Même constat pour Rendez-vous
de juillet (1949), si ce n'est que Becker pose sa caméra
dans d'autres quartiers de la capitale. On quitte le Paris populaire du 17e
arrondissement pour se recentrer sur le Paris des quais de Seine (ah, la
fameuse voiture amphibie qui passe de la rive gauche à la rive droite
!), du Quartier latin et de Notre-Dame, où vit et sort toute une
jeunesse de l'après-guerre qui découvre et fréquente les
caves de jazz de Saint-Germain-des-Prés. Dès le début du
film, Becker présente, avec une grande aisance narrative, tous ses
personnages en n'oubliant pas, pour chacun, de préciser le lieu
où ils vivent et la catégorie sociale à laquelle ils
appartiennent. Mis à part le père de Lucien (Daniel
Gélin), riche industriel qui habite un luxueux appartement, place de la
Concorde dont une vue représente le premier plan du film, les parents
des autres personnages sont de modestes commerçants (bouchers,
coiffeurs), professeurs, mères célibataires… qui habitent tous
le centre de Paris à une époque où il n'avait pas encore
été vidé de ses classes moyennes. Dès
l'introduction, on voit comment Becker se sert de la typologie urbaine pour
à la fois construire un groupe de personnages dont la proximité
géographique annonce la complicité amicale et affective tout en
soulignant déjà les divergences à venir. Il n'est pas
anodin que le personnage dominateur du groupe joué par Daniel
Gélin soit par exemple le seul qui habite un quartier bourgeois : la
place de la Concorde. Là encore, le cinéaste ne va cesser de
filmer les déplacements extérieurs de ses personnages en
décors réels : des larges avenues qui mènent au
musée de l'Homme aux ruelles du Quartier latin, dans ce Paris jeune et
bouillonnant de l'après-guerre qui semble vouloir oublier
définitivement les privations de l'Occupation.
... à des figures de citadinsAprès ces deux films qui ancrent ses
personnages dans un Paris réaliste et plutôt populaire, Becker
change de monde et délaisse quelques peu les décors réels.
Il réalise deux délicieuses comédies mondaines.
Edouard et Caroline (1951) d'abord,
entièrement tournée en studio, sans aucun plan extérieur,
puis Rue de l'Estrapade (1953) pour
laquelle il tourne quelques plans des beaux quartiers de la capitale (le quai
Blériot) où sont censés vivre Henri et Françoise,
le jeune couple bourgeois du film.
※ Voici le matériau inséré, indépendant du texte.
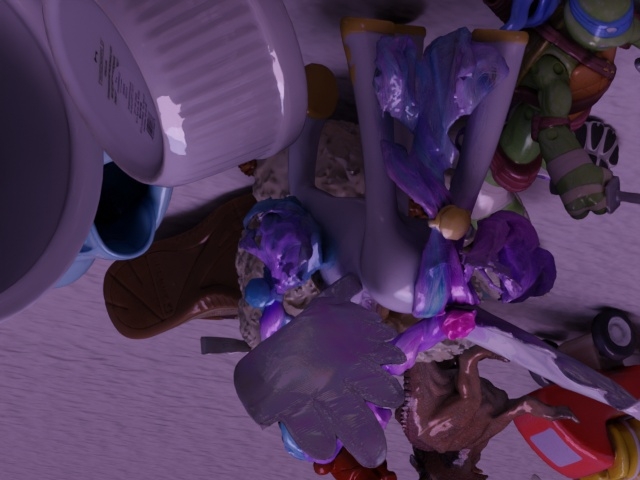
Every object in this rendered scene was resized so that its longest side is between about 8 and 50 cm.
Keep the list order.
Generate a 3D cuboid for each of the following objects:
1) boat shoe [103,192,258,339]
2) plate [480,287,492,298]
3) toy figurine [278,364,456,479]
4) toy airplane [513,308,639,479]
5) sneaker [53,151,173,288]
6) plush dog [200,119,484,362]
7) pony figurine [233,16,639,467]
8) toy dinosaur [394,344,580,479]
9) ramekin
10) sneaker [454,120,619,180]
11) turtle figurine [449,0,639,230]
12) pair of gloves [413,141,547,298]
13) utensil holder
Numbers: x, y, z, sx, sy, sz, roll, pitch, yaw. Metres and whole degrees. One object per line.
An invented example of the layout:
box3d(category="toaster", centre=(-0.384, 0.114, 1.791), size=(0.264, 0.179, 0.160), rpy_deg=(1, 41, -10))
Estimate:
box3d(category="boat shoe", centre=(-0.065, 0.024, 1.810), size=(0.342, 0.123, 0.123), rpy_deg=(-20, 171, 35))
box3d(category="plate", centre=(0.141, 0.021, 1.871), size=(0.188, 0.024, 0.188), rpy_deg=(2, 156, 1))
box3d(category="toy figurine", centre=(0.044, 0.167, 1.997), size=(0.213, 0.148, 0.209), rpy_deg=(-47, 141, 0))
box3d(category="toy airplane", centre=(0.432, 0.259, 2.086), size=(0.384, 0.272, 0.386), rpy_deg=(-4, 155, 10))
box3d(category="sneaker", centre=(-0.210, -0.028, 1.539), size=(0.135, 0.150, 0.366), rpy_deg=(-5, 150, -22))
box3d(category="plush dog", centre=(0.000, 0.000, 1.554), size=(0.262, 0.225, 0.210), rpy_deg=(16, -154, 30))
box3d(category="pony figurine", centre=(0.064, 0.021, 1.303), size=(0.303, 0.363, 0.351), rpy_deg=(3, -174, -22))
box3d(category="toy dinosaur", centre=(0.137, 0.192, 1.896), size=(0.200, 0.127, 0.296), rpy_deg=(-45, 135, 7))
box3d(category="ramekin", centre=(-0.112, -0.137, 1.261), size=(0.109, 0.207, 0.207), rpy_deg=(-29, 169, -24))
box3d(category="sneaker", centre=(0.197, -0.085, 1.588), size=(0.170, 0.068, 0.071), rpy_deg=(9, -171, -30))
box3d(category="turtle figurine", centre=(0.232, -0.084, 1.392), size=(0.275, 0.198, 0.266), rpy_deg=(12, 157, -13))
box3d(category="pair of gloves", centre=(0.111, -0.019, 1.643), size=(0.204, 0.042, 0.240), rpy_deg=(26, 165, 25))
box3d(category="utensil holder", centre=(-0.416, -0.050, 1.390), size=(0.327, 0.327, 0.385), rpy_deg=(22, 153, -38))
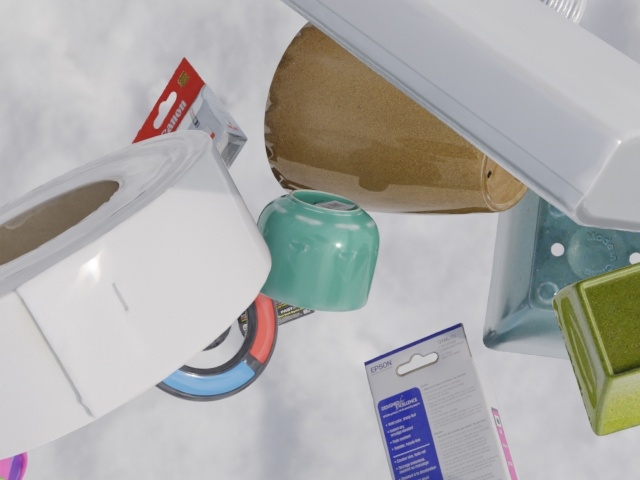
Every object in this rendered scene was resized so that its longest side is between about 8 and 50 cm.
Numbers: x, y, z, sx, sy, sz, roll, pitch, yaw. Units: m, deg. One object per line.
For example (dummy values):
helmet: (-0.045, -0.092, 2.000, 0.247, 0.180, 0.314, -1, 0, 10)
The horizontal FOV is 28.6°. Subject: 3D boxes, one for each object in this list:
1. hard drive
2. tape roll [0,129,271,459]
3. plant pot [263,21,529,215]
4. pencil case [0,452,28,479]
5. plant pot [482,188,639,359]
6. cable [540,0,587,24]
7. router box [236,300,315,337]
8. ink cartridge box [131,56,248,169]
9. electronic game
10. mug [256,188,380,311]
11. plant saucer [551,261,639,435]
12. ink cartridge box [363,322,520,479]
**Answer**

Le titre du film (Rue de l'Estrapade) est aussi une rue
réelle du Quartier latin où se trouve la chambre de bonne dans
laquelle Françoise va habiter quelques temps pour s'éloigner d'un
mari trop volage avant de réintégrer finalement l'appartement
conjugal et plus confortable du quai Blériot. Le choix de cette rue est
lié à un souvenir personnel de la scénariste du film,
Annette Wademant, qui a effectivement habité rue de l'Estrapade quand
elle est venue vivre à Paris.
En fait, dans ces deux films, si l'inscription des personnages dans
un quartier précis de la capitale est encore importante pour
définir leur appartenance sociologique, la ville n'occupe plus une place
prépondérante à l'écran, soulignant par
là-même que ce petit monde bourgeois, dont font partie les
personnages, est étriqué, refermé sur lui-même, sans
contact avec la ville réelle.
Le retour au passé ou le Paris de la Belle EpoqueCasque d'orEntre ces deux comédies se trouve le fulgurant
Casque d'or (1952), joyau de
l'œuvre beckérienne, qui retrouve le Paris populaire mais de la fin du
XIXe siècle. Première escapade du cinéaste hors de
l'époque contemporaine qui annonce les films ultérieurs de sa
dernière période (1954 -1960) comme
Les aventures d'Arsène Lupin
(1957) ou Montparnasse 19 (1958)
qui évoquent également le passé. Pour Becker qui commence
à vieillir, c'est aussi un retour nostalgique vers un monde disparu
comme il l'explique à propos de
Casque d'or : "j'ai voulu
mettre l'équivalent des anciennes images en couleur du Petit journal
illustré qui paraissait du temps de notre enfance."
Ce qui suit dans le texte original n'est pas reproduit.